Dito de outra forma, o evolucionismo de Charles Darwin e Alfred Wallace (ambos anglicanos, ainda que o primeiro fosse agnóstico e o segundo espiritualista teísta) estaria correto em essência, mas incompleto, posto que o darwinismo não identificava uma origem criadora, um ponto de começo ou um projetista inteligente. Para o espiritismo, este ponto de começo está em Deus, visto que “o universo não pode fazer-se a si mesmo” (questão 37). Portanto, evolução e criação se conjugam no espiritismo kardecista ao invés de se excluírem, tal como acontece em muitos debates públicos envolvendo fundamentalistas religiosos de um lado e cientistas ateus ou agnósticos de outro. O kardecismo segue pelo caminho do meio, tal como informaram os bons espíritos.

Esse tema não é novo e nem foi inventado por Allan Kardec e isso deveria ser óbvio para todas as pessoas, especialmente para quem se diz espírita. Na verdade, desde o século IV a.C. o filósofo Platão propôs um “demiurgo”, um sábio e bom criador, primeira causa do cosmos (que organizará o caos). Aristóteles também defendeu algo semelhante, um criador-designer do cosmos que ele chamou de “motor imóvel”. Depois dele, o filósofo romano Cícero defendeu que um “poder divino deve ser encontrado no princípio de uma razão que permeia toda a natureza”. Na mesma linha, argumentou Tomás de Aquino, na Idade Média, e William Paley, em 1808, usando a analogia do Deus-relojoeiro que criou o relógio-mundo e deixou que ele livremente funcionasse.

Também o evolucionismo teísta vem ganhando adeptos dentro do cristianismo católico e protestante.

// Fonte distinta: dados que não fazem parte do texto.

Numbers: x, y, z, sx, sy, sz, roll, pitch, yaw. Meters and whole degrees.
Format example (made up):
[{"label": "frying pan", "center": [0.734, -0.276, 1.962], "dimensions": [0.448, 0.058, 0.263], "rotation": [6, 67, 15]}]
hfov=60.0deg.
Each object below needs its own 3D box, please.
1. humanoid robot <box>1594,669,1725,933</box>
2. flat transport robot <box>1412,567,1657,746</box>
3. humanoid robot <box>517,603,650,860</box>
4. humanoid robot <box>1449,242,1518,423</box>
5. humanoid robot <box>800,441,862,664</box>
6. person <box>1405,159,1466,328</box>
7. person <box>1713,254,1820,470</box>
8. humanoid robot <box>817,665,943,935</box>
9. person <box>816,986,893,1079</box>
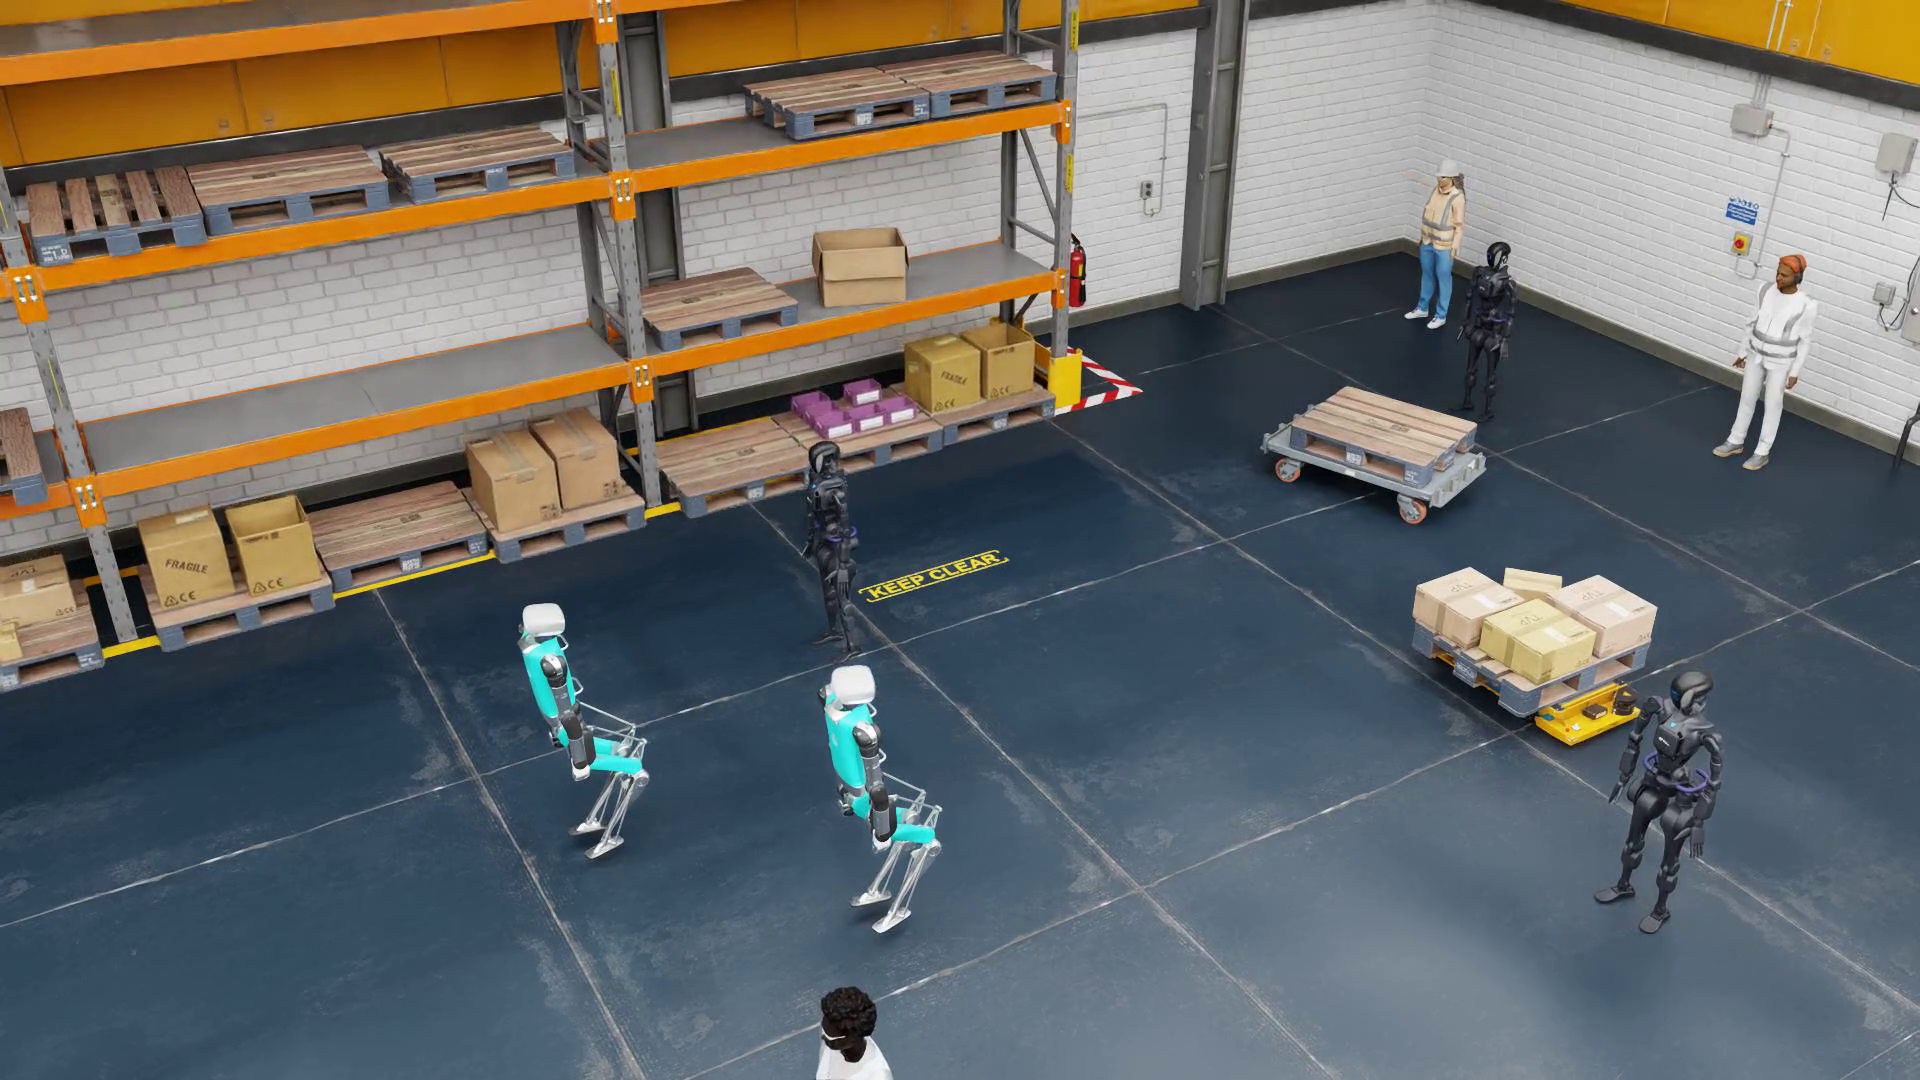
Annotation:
[{"label": "humanoid robot", "center": [3.842, 1.404, 9.045], "dimensions": [0.315, 1.655, 0.599], "rotation": [-16, 33, -26]}, {"label": "flat transport robot", "center": [3.869, 0.890, 11.399], "dimensions": [0.659, 0.231, 1.431], "rotation": [-16, 33, -26]}, {"label": "humanoid robot", "center": [-2.073, 1.046, 9.495], "dimensions": [0.735, 1.677, 0.533], "rotation": [-16, 33, -26]}, {"label": "humanoid robot", "center": [4.702, -1.860, 14.820], "dimensions": [0.315, 1.657, 0.599], "rotation": [-16, 33, -26]}, {"label": "humanoid robot", "center": [-0.881, 0.072, 11.400], "dimensions": [0.315, 1.657, 0.599], "rotation": [-16, 33, -26]}, {"label": "person", "center": [4.851, -3.004, 16.807], "dimensions": [0.370, 1.728, 0.493], "rotation": [-16, 33, -26]}, {"label": "person", "center": [6.816, -1.506, 13.999], "dimensions": [0.338, 1.882, 0.580], "rotation": [-16, 33, -26]}, {"label": "humanoid robot", "center": [-0.359, 1.352, 8.953], "dimensions": [0.735, 1.676, 0.533], "rotation": [-16, 33, -26]}, {"label": "person", "center": [-0.432, 2.541, 7.023], "dimensions": [0.318, 1.695, 0.538], "rotation": [-16, 33, -26]}]

Destaco aqui os nomes de Pierre Teilhard de Chardin (1881-1955), Ronald Fisher (1890-1962) e Theodosius Dobzhansky (1900-1975), além de cientistas que ainda estão trabalhando sobre essa questão como Kenneth R. Miller, John Haught, Michael Dowd e Francis Collins. Todos podem ser lidos pelos espíritas preocupados em conhecer mais e melhor nossas origens e a divindade.

Para concluir, se “O livro dos espíritos” de Allan Kardec —e percebam que estou usando somente esta obra como referência em todos esses pequenos artigos— fosse mais lido e bem estudado, debatido abertamente, sem medo de críticas e autocríticas, o movimento espírita brasileiro ganharia muito em qualidade e sobriedade. Que os mais progressistas continuem avançando através do estudo, do bom senso e do amor-caridade.